Territorial


Acordei e fui logo pro sol lagartear. Fiquei ali por pelo menos uma hora, lendo e absorvendo o sol de uma manhã de inverno. Se o inverno acorda com o sol e, se neste dia eu posso curti-lo, transmuto-me em réptil. Sento-me num banco de praça ou deito na grama e me aqueço em leituras.

Hoje moro na serra de Teresópolis. Troquei o mar pela montanha; o calor pelo clima ameno; a neurose pela tranquilidade. Posso dizer que o meu calmante é o meu lar. Aqui me sinto soberano. Faço o que quero e quando eu quero. As regras (quase nenhuma) criadas por mim podem ser quebradas a qualquer momento – não tenho sindico para me multar e nem vizinho para me dedurar. Sou livre em meu espaço. Minha casa, minha oca.

Aqui recebo quem eu quero e quando há invasão, é invasão permitida. Permito turismo com bilhete de chegada e partida. Nada de green card; nada de território livre; nada de fronteiras abertas. Minha casa, meu Estado.

Mercorsul! Só em beijinhos e carícias.

Preservo minha natureza com pequenas ementas, passíveis de uma redação maior.

Confesso que nada é pra sempre. Posso mudar minhas regras a qualquer momento. Sou livre pra isso. Vantagem adquirida. Mesmo que pra isto transforme meu território em Faixa de gaza.
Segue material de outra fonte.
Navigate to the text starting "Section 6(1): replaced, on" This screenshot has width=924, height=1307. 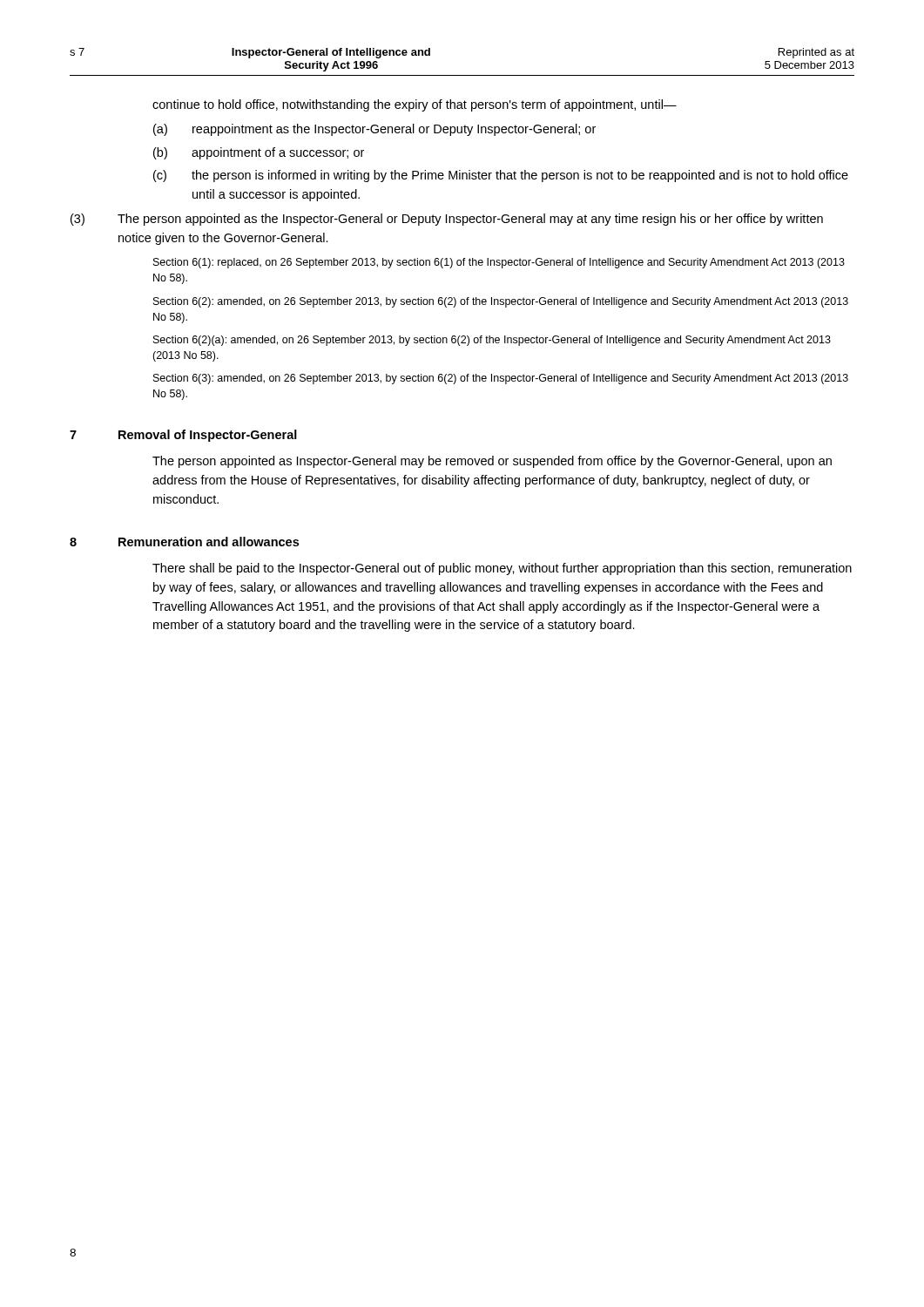pyautogui.click(x=499, y=270)

Aqui tenho o livre arbítrio.

Afinal, Paraíso só o bairro em que moro.

Mas, por enquanto, vou lagarteando em gramas e redes, só absorvendo, só anotando, só adquirindo energia e conhecimento.


Paulo Francisco



(Ainda sem conexão)

Hibernação



Tudo nublado. Lá fora o tempo canta dia frio e apagado. Deito-me em protesto ao sol que não veio. Cubro-me para esconder-me do ar gélido que vem da janela. Todos sabem que eu não gosto de dias cinza. Torno-me mais preguiçoso que devia. Perco o meu dia entre cobertas e respiração em ar viciado.

Sou totalmente descompromissado comigo. Estou sempre no final da fila. Troco a minha senha com qualquer um que precise. Mas não me peça nada em dias opacos, cinzas e frios. Em dias assim, eu me cubro de mim mesmo, faço uma armadura medieval com a minha própria epiderme e, ninguém, mas ninguém mesmo consegue tirar-me de meu casulo.

Cumpro o mínimo de obrigações possíveis. Trabalho em pleno estado de letargia. Dou a mão aos meus amigos ursos, ouriços e morcegos - Eu hiberno. Sumo do mapa como os insetos.

Este estado meu de torpor faz-me ficar mais caseiro; consigo assistir a um filme inteiro na televisão; escuto mais; discuto menos; falo menos e obedeço mais.

Nestes dias cinza , sou mais anfitrião que visita. Tomo mais vinho que cerveja, como muito mais queijo e, em minha dieta, sempre haverá um caldo quentinho.

Neste dias frios, troco o meu quarto pela cozinha e sou capaz de até fazer um bolo e ficar ali, pertinho do forno lendo um livro.

Nestes dias em que o sol me abandona, minha dispensa fica colorida de caixinhas de chá; troco o bar pela confeitaria e um bolo de avelã substitui, sem cerimônia, petiscos apimentados.

O telefone tocou e fui atender – era a minha amiga Ascenção. Pra variar, reclamamos da ¨friaca¨ de hoje.

Neste dias de torpor, tenho sorte de ter alguns amigos que não suportam o frio de seus habitats e migram como as aves aqui pra casa que é mais quentinho.

Sabe de uma coisa! Até que não é tão ruim assim, dias nublados, cinzas e frios.

Teremos queijos e vinhos e muita música boa.